I de mim

   "A mulher com quem partilho a minha existência sobre este planeta chamou-me a atenção para um pormenor: a nossa incapacidade - e a minha, em particular - para estar como se estava antigamente. Ou seja, estando. Passo a explicar: boa parte da Humanidade deixou de saber estar em sítios sem fazer nada - por exemplo, quando se está à espera de alguém. Deixámos de saber olhar para o ar, para as pessoas que passam, para os pássaros ou ramos de árvore balançando com doçura ao vento (ou com força, em dias de vendaval); deixámos de ser capazes de pensar na vida ou, simplesmente, de praticar a nobre arte perdida de esvaziar a nossa mente e não pensar em nada. Porquê? Porque temos telemóveis.
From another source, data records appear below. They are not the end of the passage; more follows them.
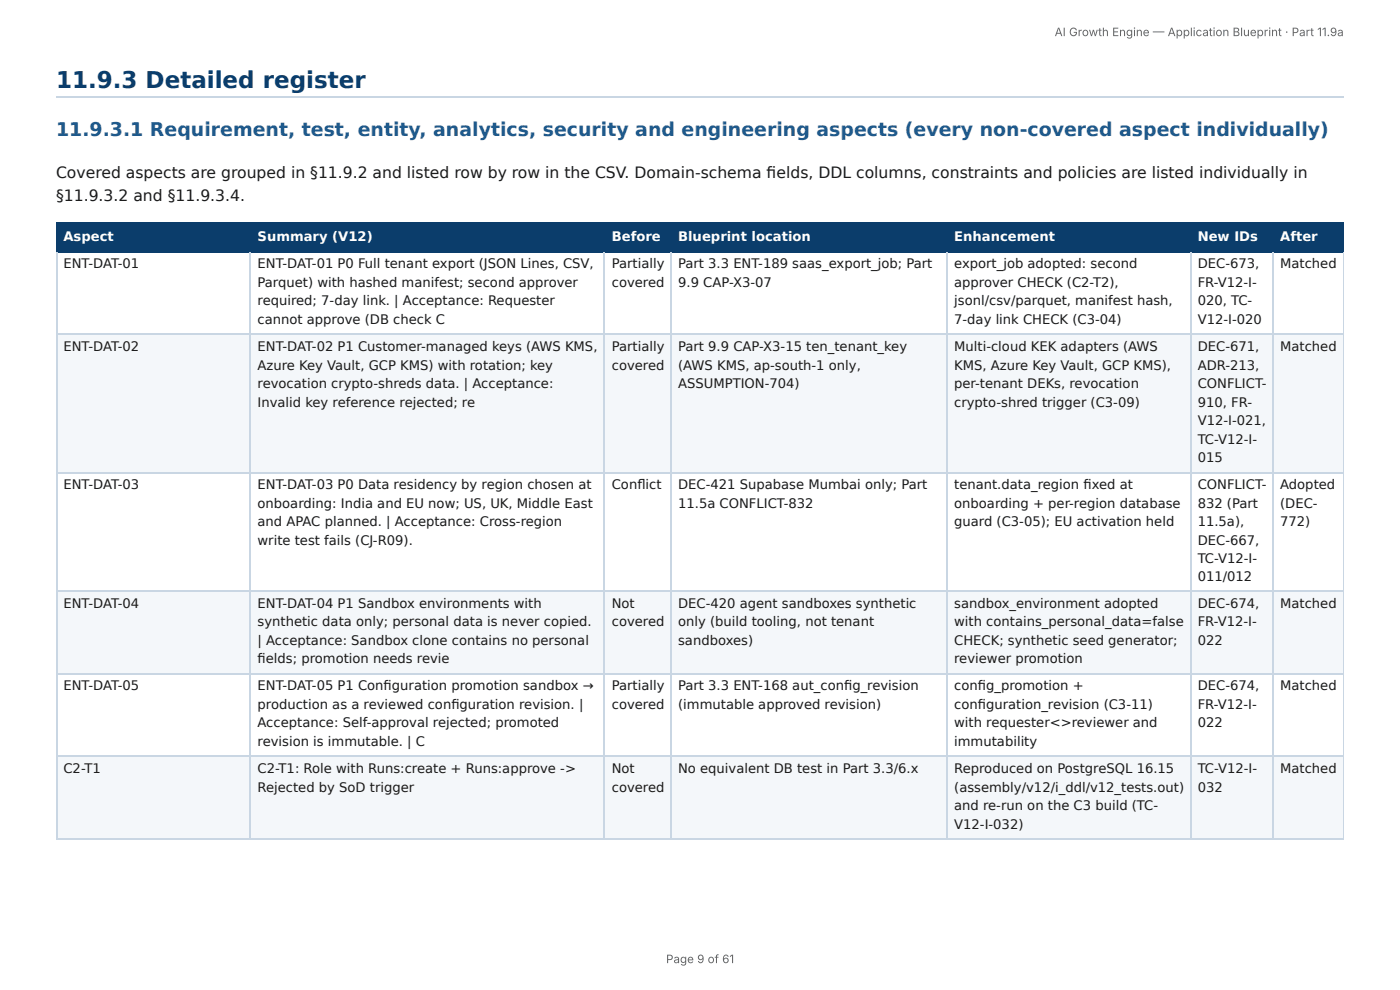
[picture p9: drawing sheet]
<svg xmlns="http://www.w3.org/2000/svg" width="297mm" height="210mm" viewBox="0 0 297 210" stroke-linecap="round" stroke-linejoin="round" font-family="sans-serif">
<defs><g id="words">
<text font-size="4.9" fill="#0b3d6b" x="11.9" y="18.7">11.9.3 Detailed register</text>
<text font-size="4" fill="#1f5a8c" x="11.9" y="29">11.9.3.1 Requirement, test, entity, analytics, security and engineering aspects (every non-covered aspect individually)</text>
<g font-size="3.3" fill="#1a1a1a">
<text x="11.9" y="37.9">Covered aspects are grouped in §11.9.2 and listed row by row in the CSV. Domain-schema fi elds, DDL columns, constraints and policies are listed individually in</text>
<text x="11.9" y="42.6">§11.9.3.2 and §11.9.3.4.</text>
</g>
<g font-size="2.8" fill="#fff">
<text x="13.5" y="51.2">Aspect</text>
<text x="54.7" y="51.2">Summary (V12)</text>
<text x="129.9" y="51.2">Before</text>
<text x="144" y="51.2">Blueprint location</text>
<text x="202.7" y="51.2">Enhancement</text>
<text x="254.4" y="51.2">New IDs</text>
<text x="271.9" y="51.2">After</text>
</g>
<g font-size="2.8" fill="#1a1a1a">
<text x="13.5" y="57">ENT-DAT-01</text>
<text x="54.7" y="57">ENT-DAT-01 P0 Full tenant export (JSON Lines, CSV,</text>
<text x="129.9" y="57">Partially</text>
<text x="144" y="57">Part 3.3 ENT-189 saas_export_job; Part</text>
<text x="202.7" y="57">export_job adopted: second</text>
<text x="254.4" y="57">DEC-673,</text>
<text x="271.9" y="57">Matched</text>
<text x="54.7" y="60.9">Parquet) with hashed manifest; second approver</text>
<text x="54.7" y="64.9">required; 7-day link. | Acceptance: Requester</text>
<text x="129.9" y="60.9">covered</text>
<text x="144" y="60.9">9.9 CAP-X3-07</text>
<text x="202.7" y="60.9">approver CHECK (C2-T2),</text>
<text x="202.7" y="64.9">jsonl/csv/parquet, manifest hash,</text>
<text x="254.4" y="60.9">FR-V12-I-</text>
<text x="254.4" y="64.9">020, TC-</text>
<text x="54.7" y="68.8">cannot approve (DB check C</text>
<text x="202.7" y="68.8">7-day link CHECK (C3-04)</text>
<text x="254.4" y="68.8">V12-I-020</text>
<text x="13.5" y="74.6">ENT-DAT-02</text>
<text x="54.7" y="74.6">ENT-DAT-02 P1 Customer-managed keys (AWS KMS,</text>
<text x="129.9" y="74.6">Partially</text>
<text x="144" y="74.6">Part 9.9 CAP-X3-15 ten_tenant_key</text>
<text x="202.7" y="74.6">Multi-cloud KEK adapters (AWS</text>
<text x="254.4" y="74.6">DEC-671,</text>
<text x="271.9" y="74.6">Matched</text>
<text x="54.7" y="78.5">Azure Key Vault, GCP KMS) with rotation; key</text>
<text x="54.7" y="82.4">revocation crypto-shreds data. | Acceptance:</text>
<text x="129.9" y="78.5">covered</text>
<text x="144" y="78.5">(AWS KMS, ap-south-1 only,</text>
<text x="144" y="82.4">ASSUMPTION-704)</text>
<text x="202.7" y="78.5">KMS, Azure Key Vault, GCP KMS),</text>
<text x="202.7" y="82.4">per-tenant DEKs, revocation</text>
<text x="254.4" y="78.5">ADR-213,</text>
<text x="254.4" y="82.4">CONFLICT-</text>
<text x="54.7" y="86.3">Invalid key reference rejected; re</text>
<text x="202.7" y="86.3">crypto-shred trigger (C3-09)</text>
<text x="254.4" y="86.3">910, FR-</text>
<text x="254.4" y="90.3">V12-I-021,</text>
<text x="254.4" y="94.2">TC-V12-I-</text>
<text x="254.4" y="98.1">015</text>
<text x="13.5" y="103.9">ENT-DAT-03</text>
<text x="54.7" y="103.9">ENT-DAT-03 P0 Data residency by region chosen at</text>
<text x="54.7" y="107.8">onboarding: India and EU now; US, UK, Middle East</text>
<text x="129.9" y="103.9">Confl ict</text>
<text x="144" y="103.9">DEC-421 Supabase Mumbai only; Part</text>
<text x="144" y="107.8">11.5a CONFLICT-832</text>
<text x="202.7" y="103.9">tenant.data_region fi xed at</text>
<text x="202.7" y="107.8">onboarding + per-region database</text>
<text x="254.4" y="103.9">CONFLICT-</text>
<text x="254.4" y="107.8">832 (Part</text>
<text x="271.9" y="103.9">Adopted</text>
<text x="271.9" y="107.8">(DEC-</text>
<text x="54.7" y="111.8">and APAC planned. | Acceptance: Cross-region</text>
<text x="202.7" y="111.8">guard (C3-05); EU activation held</text>
<text x="254.4" y="111.8">11.5a),</text>
<text x="271.9" y="111.8">772)</text>
<text x="54.7" y="115.7">write test fails (CJ-R09).</text>
<text x="254.4" y="115.7">DEC-667,</text>
<text x="254.4" y="119.6">TC-V12-I-</text>
<text x="254.4" y="123.3">011/012</text>
<text x="13.5" y="129.1">ENT-DAT-04</text>
<text x="54.7" y="129.1">ENT-DAT-04 P1 Sandbox environments with</text>
<text x="129.9" y="129.1">Not</text>
<text x="144" y="129.1">DEC-420 agent sandboxes synthetic</text>
<text x="202.7" y="129.1">sandbox_environment adopted</text>
<text x="254.4" y="129.1">DEC-674,</text>
<text x="271.9" y="129.1">Matched</text>
<text x="54.7" y="133">synthetic data only; personal data is never copied.</text>
<text x="54.7" y="136.9">| Acceptance: Sandbox clone contains no personal</text>
<text x="129.9" y="133">covered</text>
<text x="144" y="133">only (build tooling, not tenant</text>
<text x="144" y="136.9">sandboxes)</text>
<text x="202.7" y="133">with contains_personal_data=false</text>
<text x="202.7" y="136.9">CHECK; synthetic seed generator;</text>
<text x="254.4" y="133">FR-V12-I-</text>
<text x="254.4" y="136.9">022</text>
<text x="54.7" y="140.9">fi elds; promotion needs revie</text>
<text x="202.7" y="140.9">reviewer promotion</text>
<text x="13.5" y="146.6">ENT-DAT-05</text>
<text x="54.7" y="146.6">ENT-DAT-05 P1 Confi guration promotion sandbox →</text>
<text x="129.9" y="146.6">Partially</text>
<text x="144" y="146.6">Part 3.3 ENT-168 aut_confi g_revision</text>
<text x="202.7" y="146.6">confi g_promotion +</text>
<text x="254.4" y="146.6">DEC-674,</text>
<text x="271.9" y="146.6">Matched</text>
<text x="54.7" y="150.5">production as a reviewed confi guration revision. |</text>
<text x="54.7" y="154.5">Acceptance: Self-approval rejected; promoted</text>
<text x="129.9" y="150.5">covered</text>
<text x="144" y="150.5">(immutable approved revision)</text>
<text x="202.7" y="150.5">confi guration_revision (C3-11)</text>
<text x="202.7" y="154.5">with requester&lt;&gt;reviewer and</text>
<text x="254.4" y="150.5">FR-V12-I-</text>
<text x="254.4" y="154.5">022</text>
<text x="54.7" y="158.4">revision is immutable. | C</text>
<text x="202.7" y="158.4">immutability</text>
<text x="13.5" y="164.2">C2-T1</text>
<text x="54.7" y="164.2">C2-T1: Role with Runs:create + Runs:approve -&gt;</text>
<text x="129.9" y="164.2">Not</text>
<text x="144" y="164.2">No equivalent DB test in Part 3.3/6.x</text>
<text x="202.7" y="164.2">Reproduced on PostgreSQL 16.15</text>
<text x="254.4" y="164.2">TC-V12-I-</text>
<text x="271.9" y="164.2">Matched</text>
<text x="54.7" y="168.1">Rejected by SoD trigger</text>
<text x="129.9" y="168.1">covered</text>
<text x="202.7" y="168.1">(assembly/v12/i_ddl/v12_tests.out)</text>
<text x="202.7" y="172">and re-run on the C3 build (TC-</text>
<text x="254.4" y="168.1">032</text>
<text x="202.7" y="176">V12-I-032)</text>
</g>
<g font-size="2.5" fill="#666">
<text x="224" y="7.7">AI Growth Engine — Application Blueprint · Part 11.9a</text>
<text x="141.5" y="204.5">Page 9 of 61</text>
</g>
</g></defs>
<path d="M11.9 20.7h273.5" fill="none" stroke="#c9d6e3" stroke-width=".26"/>
<g fill="#0b3d6b">
<path d="M12.2 47.3h41.1v6.3h-41.1z"/>
<path d="M53.3 47.3h75.2v6.3h-75.2z"/>
<path d="M128.5 47.3h14.2v6.3h-14.2z"/>
<path d="M142.7 47.3h58.4v6.3h-58.4z"/>
<path d="M201.1 47.3h51.9v6.3h-51.9z"/>
<path d="M253 47.3h17.5v6.3h-17.5z"/>
<path d="M270.5 47.3h14.9v6.3h-14.9z"/>
</g>
<g fill="#f4f7fa">
<path d="M12.2 71.1h41.1v29.1h-41.1z"/>
<path d="M53.3 71.1h75.2v29.1h-75.2z"/>
<path d="M128.5 71.1h14.2v29.1h-14.2z"/>
<path d="M142.7 71.1h58.4v29.1h-58.4z"/>
<path d="M201.1 71.1h51.9v29.1h-51.9z"/>
<path d="M253 71.1h17.5v29.1h-17.5z"/>
<path d="M270.5 71.1h14.9v29.1h-14.9z"/>
<path d="M12.2 125.7h41.1v17.5h-41.1z"/>
<path d="M53.3 125.7h75.2v17.5h-75.2z"/>
<path d="M128.5 125.7h14.2v17.5h-14.2z"/>
<path d="M142.7 125.7h58.4v17.5h-58.4z"/>
<path d="M201.1 125.7h51.9v17.5h-51.9z"/>
<path d="M253 125.7h17.5v17.5h-17.5z"/>
<path d="M270.5 125.7h14.9v17.5h-14.9z"/>
<path d="M12.2 160.5h41.1v17.6h-41.1z"/>
<path d="M53.3 160.5h75.2v17.6h-75.2z"/>
<path d="M128.5 160.5h14.2v17.6h-14.2z"/>
<path d="M142.7 160.5h58.4v17.6h-58.4z"/>
<path d="M201.1 160.5h51.9v17.6h-51.9z"/>
<path d="M253 160.5h17.5v17.6h-17.5z"/>
<path d="M270.5 160.5h14.9v17.6h-14.9z"/>
</g>
<path d="M11.9 47.4h273.5M11.9 53.5h273.5M12 47.3v6.3M53.2 47.3v6.3M128.4 47.3v6.3M142.5 47.3v6.3M201.2 47.3v6.3M252.9 47.3v6.3M270.4 47.3v6.3" fill="none" stroke="#0b3d6b" stroke-width=".26"/>
<path d="M285.3 47.3v6.3" fill="none" stroke="#0b3d6b" stroke-width=".21"/>
<g fill="none" stroke="#c9d6e3" stroke-width=".26">
<path d="M12 53.6v124.5M53.2 53.6v124.5M128.4 53.6v124.5M142.5 53.6v124.5M201.2 53.6v124.5M252.9 53.6v124.5M270.4 53.6v124.5M11.9 71h273.5M11.9 100.4h273.5M11.9 125.5h273.5M11.9 143.1h273.5M11.9 160.6h273.5"/>
<path d="M11.9 178.2h273.5"/>
</g>
<path d="M285.3 53.6v124.5" fill="none" stroke="#c9d6e3" stroke-width=".21"/>
<use href="#words"/>
</svg>

   Na verdade, há décadas que temos telemóveis, mas durante muito tempo eles pouco mais faziam do que chamadas. Ou seja, por muito que admirássemos a modernidade do objecto, não tinha grande coisa para nos encantar que não a fascinante possibilidade de telefonarmos para quem quiséssemos. De repente, devagarinho, a alienação começou. Culpa das SMS, sim senhor; mas responsabilizo também os criadores de Snake por terem aberto a porta: foi com o lendário jogo da cobra rectangular comilona que começámos a baixar a cabeça nos tempos livres e a deixar de encarar o nada. Nós pura e simplesmente tínhamos de alimentar aquele estupor daquela cobra!
   Aos poucos, um telemóvel deixou de ser só um telemóvel - e hoje carregamos orgulhosamente na algibeira centros de entretenimento mais poderosos do que um multiplex de 10 salas, com ligação ao divertimento mais infinito de todos: a Internet. Resultado? Se temos o telemóvel na algibeira e se está carregado, temos de estar a fazer alguma coisa com ele. Acontece que eu nunca tinha racionalizado isto, o que é inquietante: sacar do telemóvel enquanto espero, por exemplo, que a pessoa amada saia de uma loja de roupa tornou-se tão natural e inquestionável como respirar - simplesmente, fazemo-lo. Faz parte desse momento - como alçar a perna quando passamos por uma poça.
   É claro que - como manda a tradição - quando a pessoa amada nos diz uma verdade, é nosso dever contestar e provar-lhe que tal se trata de um exagero. Mesmo que, no fundo da nossa mente - ou talvez nem sequer tão fundo - uma voz nos garanta: «Raios, ela tem razão.» Por isso, decidi mostrar-lhe que poderia, de forma natural e sem esforço, deixar o telemóvel em casa e, num eventual tempo de espera que ocorresse, durante uma visita dela a uma sapataria, por exemplo, praticar o nada com o mesmo talento que me tornou famoso a praticar o nada na minha juventude, e que levava pais e professores a considerarem-me «distraído» e «sempre na Lua». Não era isso; eu estava, de forma exímia e com grande talento, a estar.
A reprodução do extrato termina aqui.